## PROBLEM
The line with "list Het college" marks the start; please set it down along with all later lines through the end of the material, exactly, leaving out pictures.

## INFORMATION SHOWN
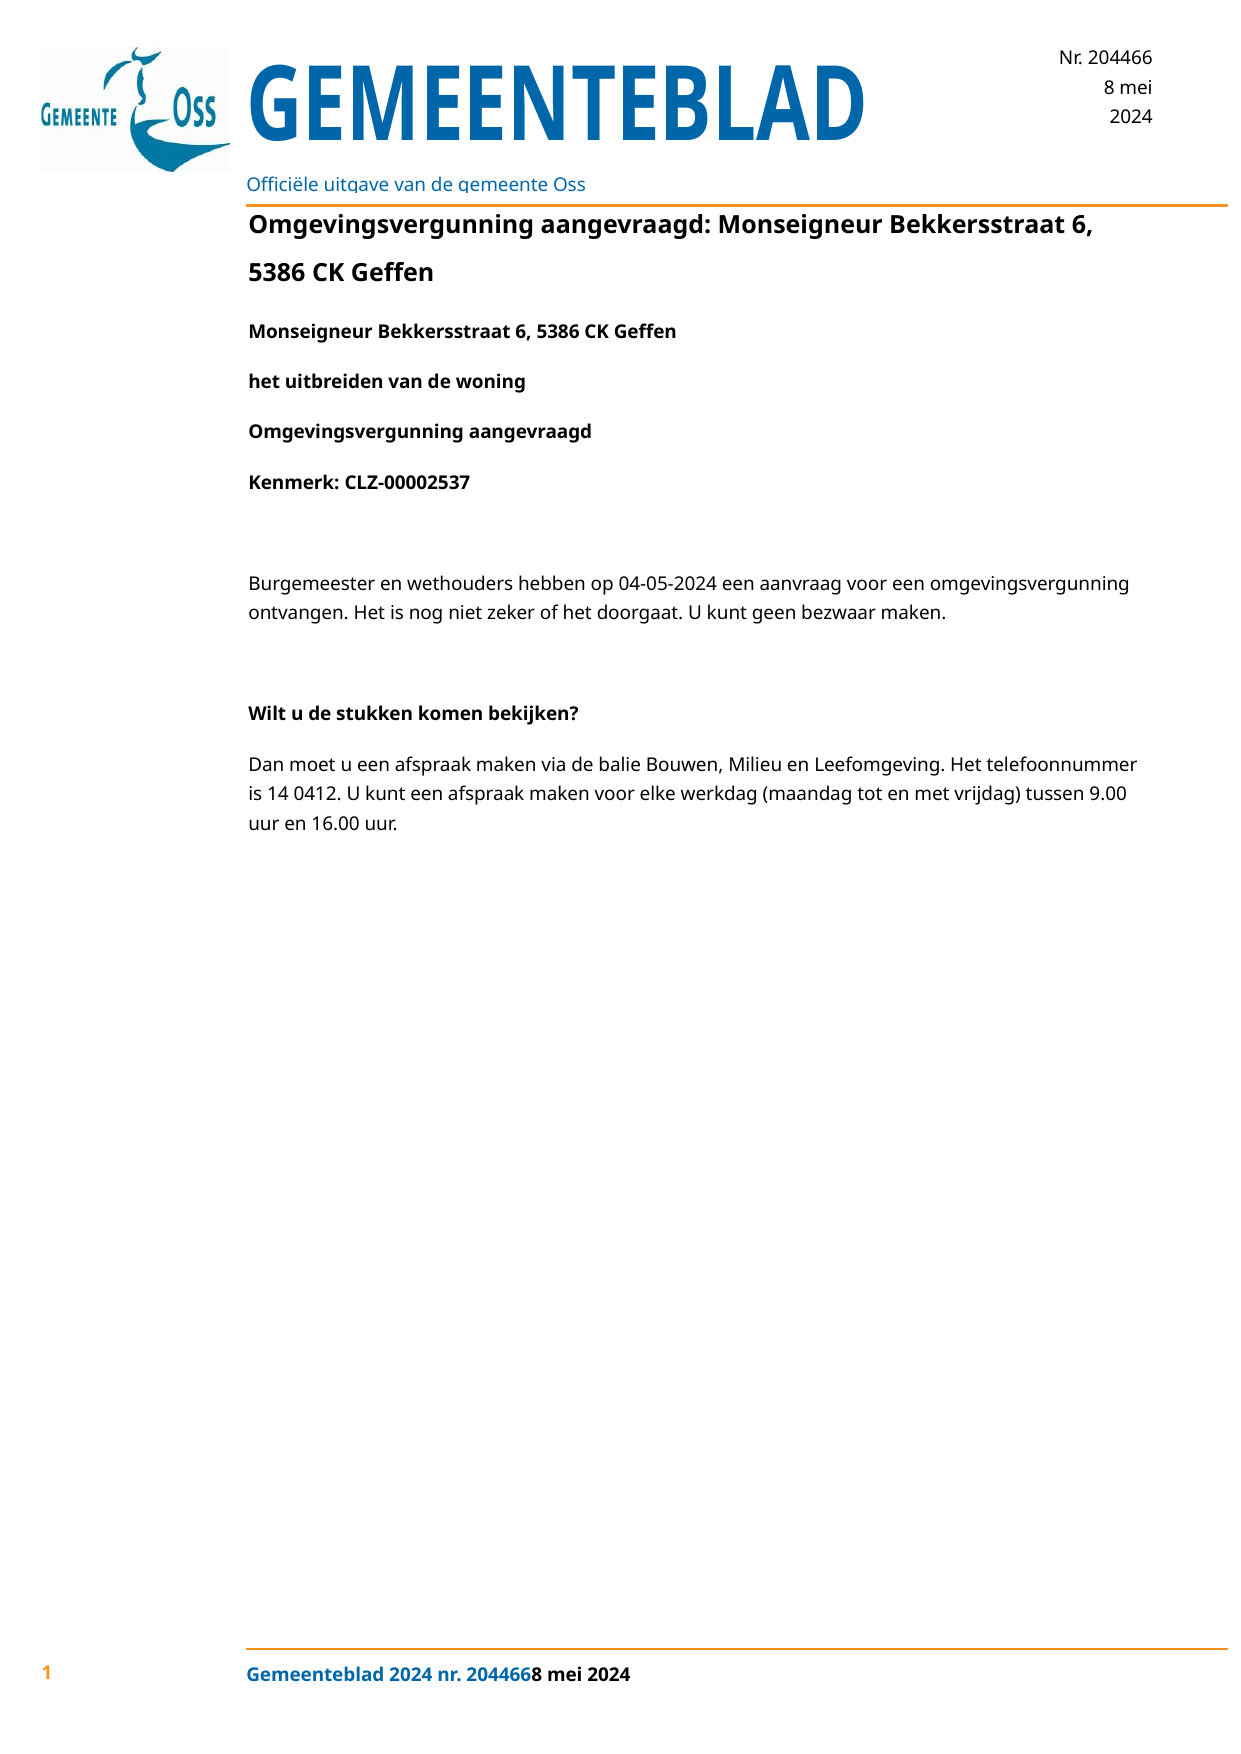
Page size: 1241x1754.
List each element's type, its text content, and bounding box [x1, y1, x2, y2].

text Dan moet u een afspraak maken via de balie Bouwen, Milieu en Leefomgeving. Het telefoonnummer is 14 0412. U kunt een afspraak maken voor elke werkdag (maandag tot en met vrijdag) tussen 9.00 uur en 16.00 uur. [248, 751, 1152, 836]
text Monseigneur Bekkersstraat 6, 5386 CK Geffen [248, 318, 1152, 344]
text Omgevingsvergunning aangevraagd [248, 419, 1152, 444]
text Burgemeester en wethouders hebben op 04-05-2024 een aanvraag voor een omgevingsvergunning ontvangen. Het is nog niet zeker of het doorgaat. U kunt geen bezwaar maken. [248, 570, 1152, 625]
text Wilt u de stukken komen bekijken? [248, 700, 1152, 726]
text Omgevingsvergunning aangevraagd: Monseigneur Bekkersstraat 6, 5386 CK Geffen [248, 207, 1152, 288]
text het uitbreiden van de woning [248, 368, 1152, 394]
picture [41, 47, 231, 172]
text Kenmerk: CLZ-00002537 [248, 469, 1152, 495]
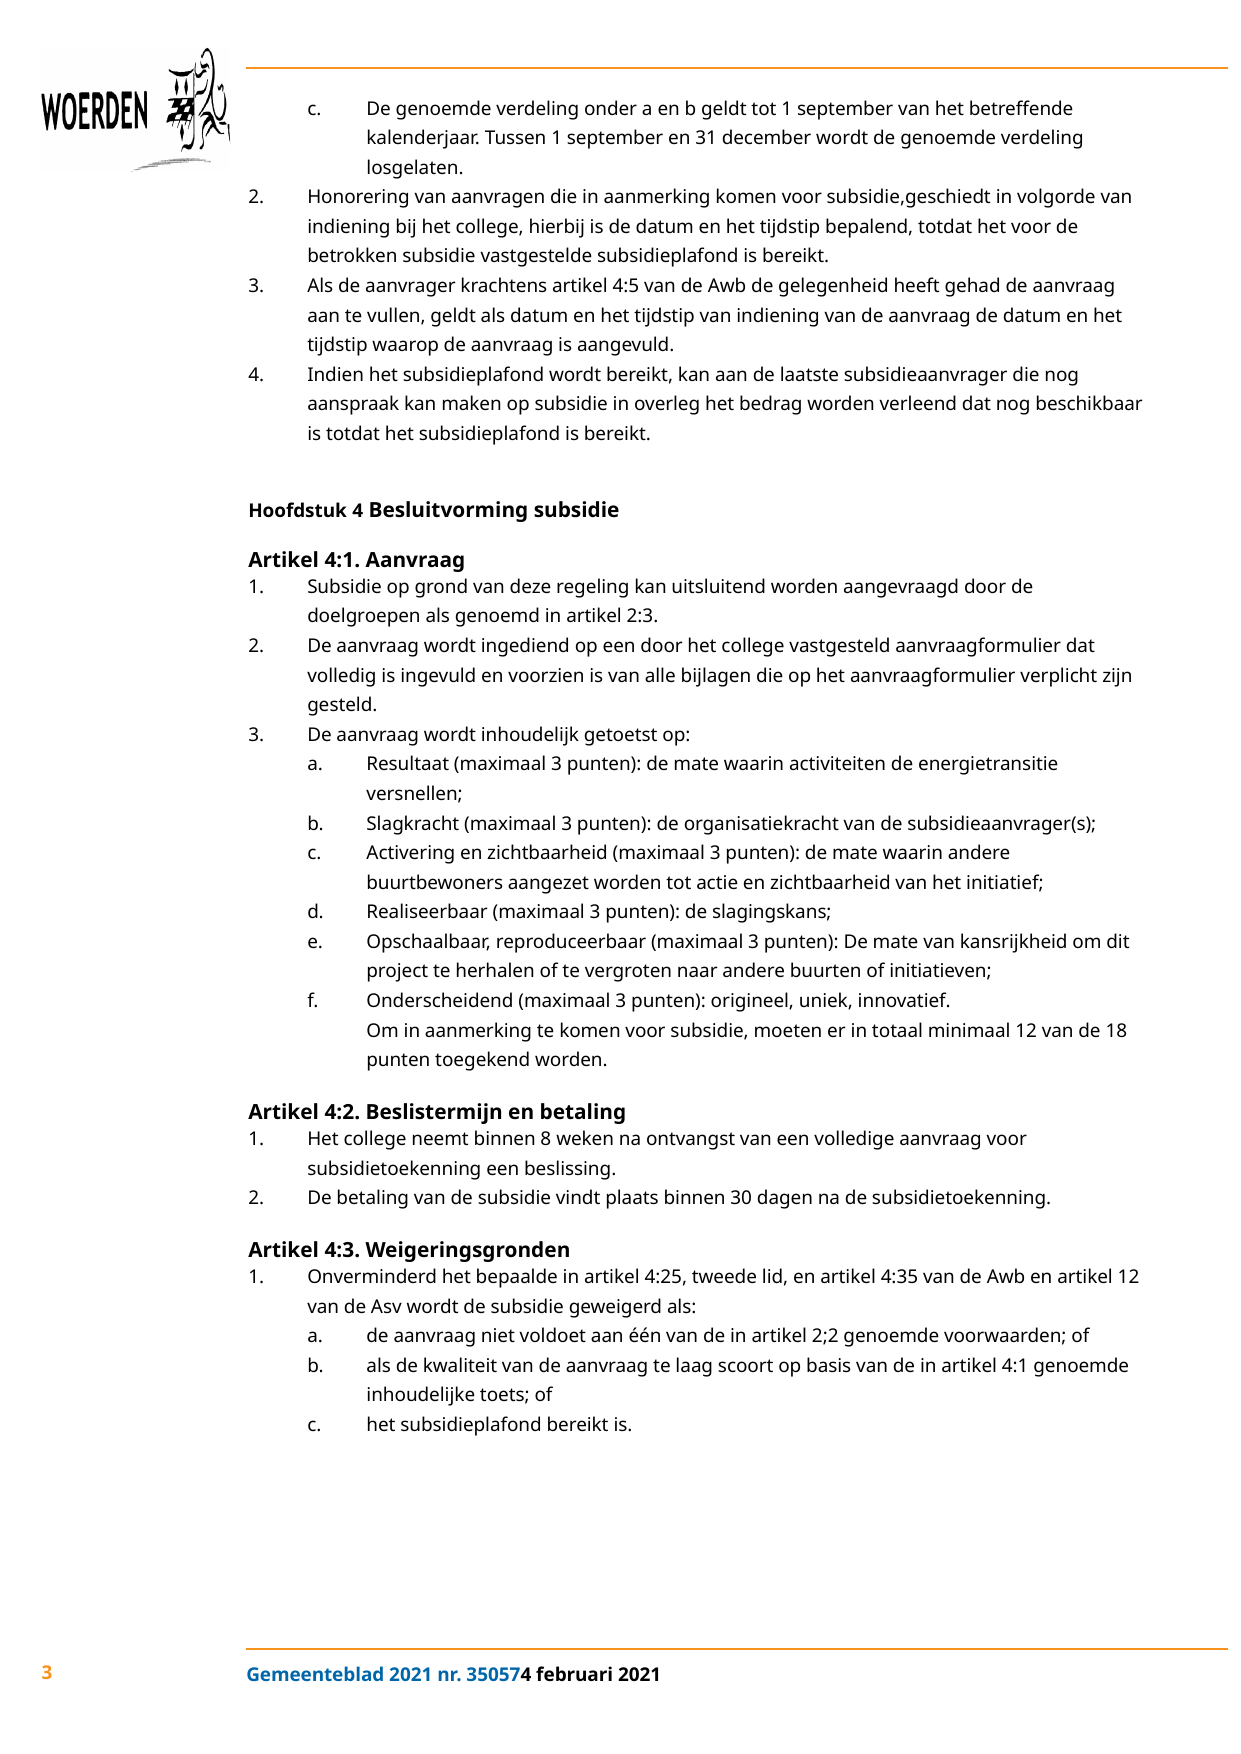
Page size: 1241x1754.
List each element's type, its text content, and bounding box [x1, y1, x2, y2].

list Onderscheidend (maximaal 3 punten): origineel, uniek, innovatief. [307, 987, 1152, 1013]
list als de kwaliteit van de aanvraag te laag scoort op basis van de in artikel 4:1 genoemde inhoudelijke toets; of [307, 1352, 1152, 1407]
picture [41, 47, 231, 172]
list Honorering van aanvragen die in aanmerking komen voor subsidie,geschiedt in volgorde van indiening bij het college, hierbij is de datum en het tijdstip bepalend, totdat het voor de betrokken subsidie vastgestelde subsidieplafond is bereikt. [248, 183, 1152, 268]
list het subsidieplafond bereikt is. [307, 1411, 1152, 1437]
text Artikel 4:3. Weigeringsgronden [248, 1235, 1152, 1263]
list Slagkracht (maximaal 3 punten): de organisatiekracht van de subsidieaanvrager(s); [307, 810, 1152, 836]
list De aanvraag wordt inhoudelijk getoetst op: [248, 721, 1152, 747]
list Als de aanvrager krachtens artikel 4:5 van de Awb de gelegenheid heeft gehad de aanvraag aan te vullen, geldt als datum en het tijdstip van indiening van de aanvraag de datum en het tijdstip waarop de aanvraag is aangevuld. [248, 272, 1152, 357]
list De betaling van de subsidie vindt plaats binnen 30 dagen na de subsidietoekenning. [248, 1184, 1152, 1210]
list de aanvraag niet voldoet aan één van de in artikel 2;2 genoemde voorwaarden; of [307, 1322, 1152, 1348]
list Onverminderd het bepaalde in artikel 4:25, tweede lid, en artikel 4:35 van de Awb en artikel 12 van de Asv wordt de subsidie geweigerd als: [248, 1263, 1152, 1319]
list De aanvraag wordt ingediend op een door het college vastgesteld aanvraagformulier dat volledig is ingevuld en voorzien is van alle bijlagen die op het aanvraagformulier verplicht zijn gesteld. [248, 632, 1152, 717]
list Indien het subsidieplafond wordt bereikt, kan aan de laatste subsidieaanvrager die nog aanspraak kan maken op subsidie in overleg het bedrag worden verleend dat nog beschikbaar is totdat het subsidieplafond is bereikt. [248, 361, 1152, 446]
list Activering en zichtbaarheid (maximaal 3 punten): de mate waarin andere buurtbewoners aangezet worden tot actie en zichtbaarheid van het initiatief; [307, 839, 1152, 895]
list Resultaat (maximaal 3 punten): de mate waarin activiteiten de energietransitie versnellen; [307, 751, 1152, 806]
list Opschaalbaar, reproduceerbaar (maximaal 3 punten): De mate van kansrijkheid om dit project te herhalen of te vergroten naar andere buurten of initiatieven; [307, 928, 1152, 983]
list Om in aanmerking te komen voor subsidie, moeten er in totaal minimaal 12 van de 18 punten toegekend worden. [307, 1017, 1152, 1072]
list De genoemde verdeling onder a en b geldt tot 1 september van het betreffende kalenderjaar. Tussen 1 september en 31 december wordt de genoemde verdeling losgelaten. [307, 95, 1152, 180]
list Realiseerbaar (maximaal 3 punten): de slagingskans; [307, 898, 1152, 924]
text Artikel 4:2. Beslistermijn en betaling [248, 1097, 1152, 1125]
text Hoofdstuk 4 Besluitvorming subsidie [248, 495, 1152, 524]
list Subsidie op grond van deze regeling kan uitsluitend worden aangevraagd door de doelgroepen als genoemd in artikel 2:3. [248, 573, 1152, 628]
list Het college neemt binnen 8 weken na ontvangst van een volledige aanvraag voor subsidietoekenning een beslissing. [248, 1125, 1152, 1181]
text Artikel 4:1. Aanvraag [248, 545, 1152, 573]
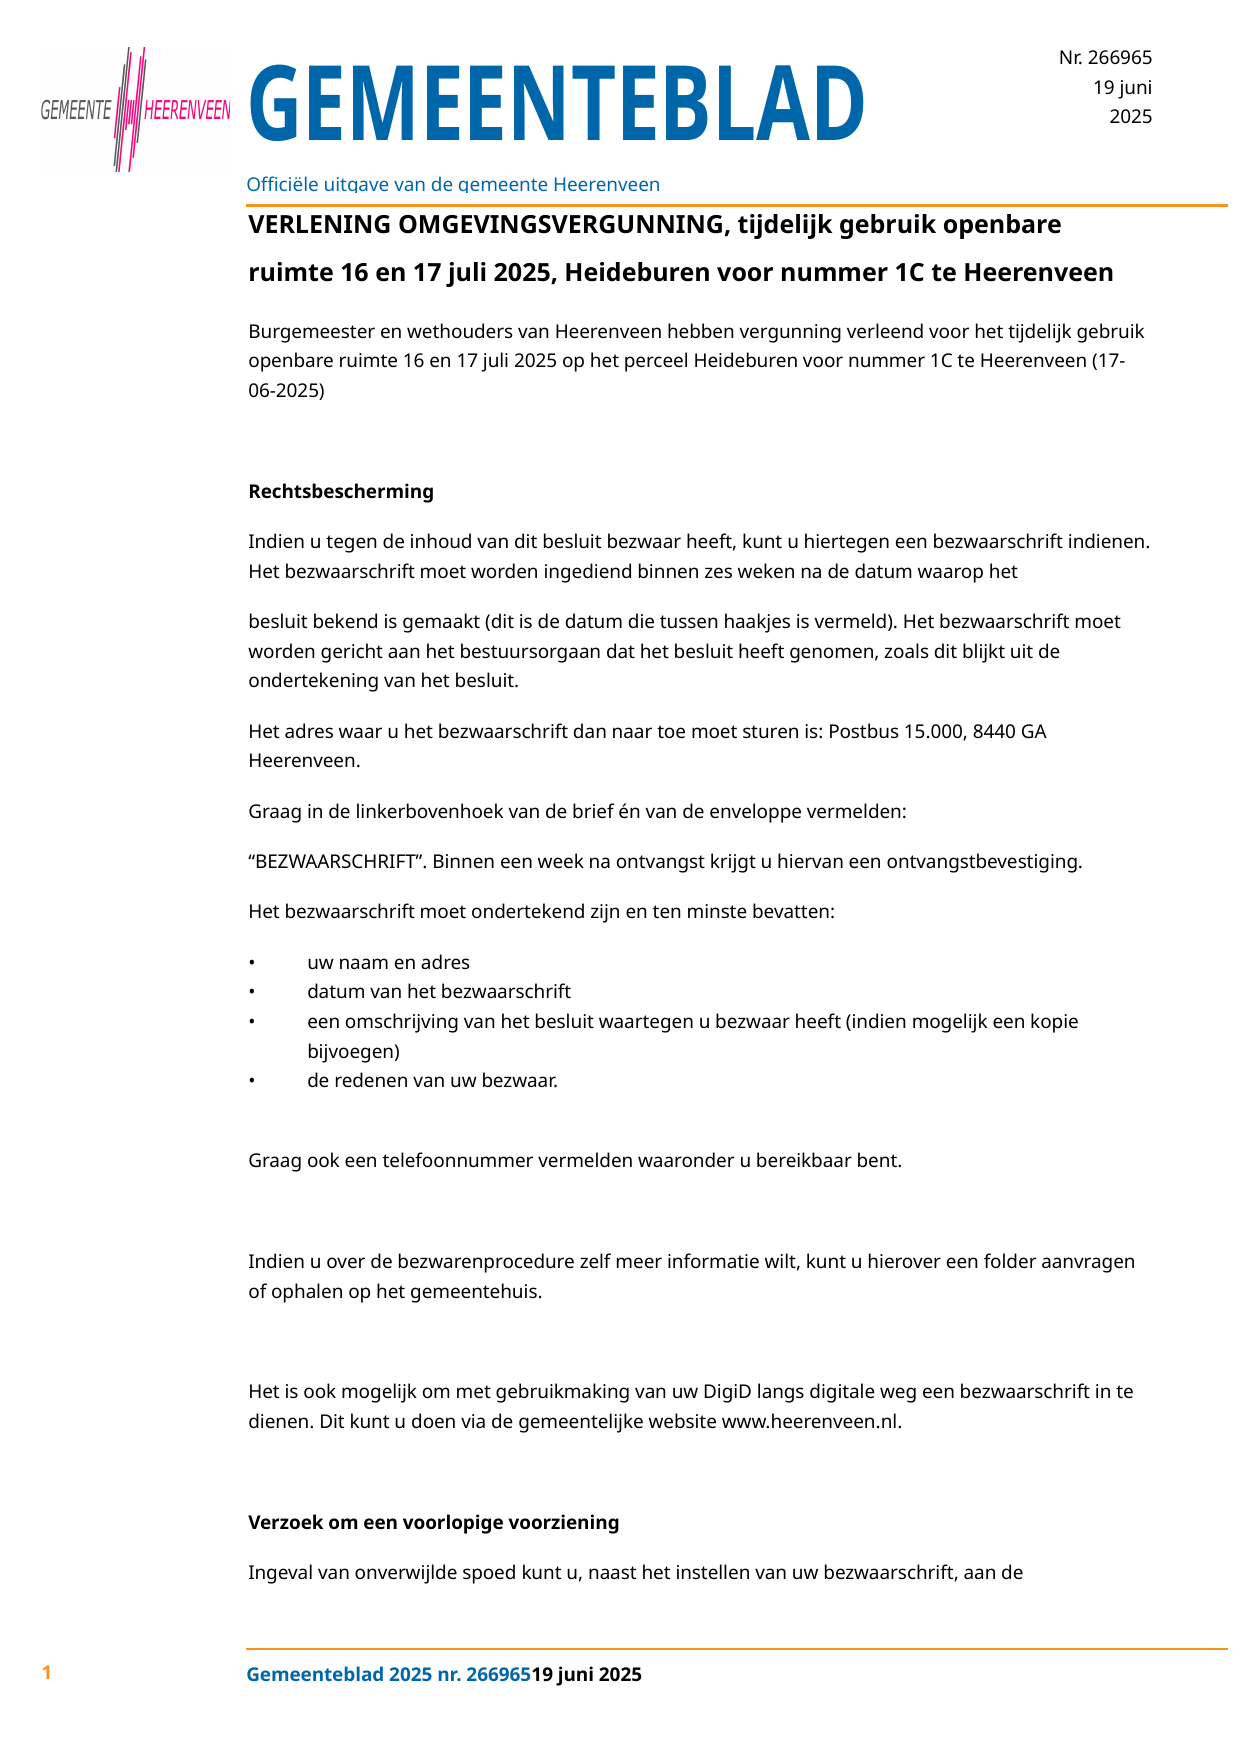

## RESPONSE AREA
list Het college neemt binnen 8 weken na ontvangst van een volledige aanvraag voor subsidietoekenning een beslissing. [248, 1125, 1152, 1181]
text Artikel 4:1. Aanvraag [248, 545, 1152, 573]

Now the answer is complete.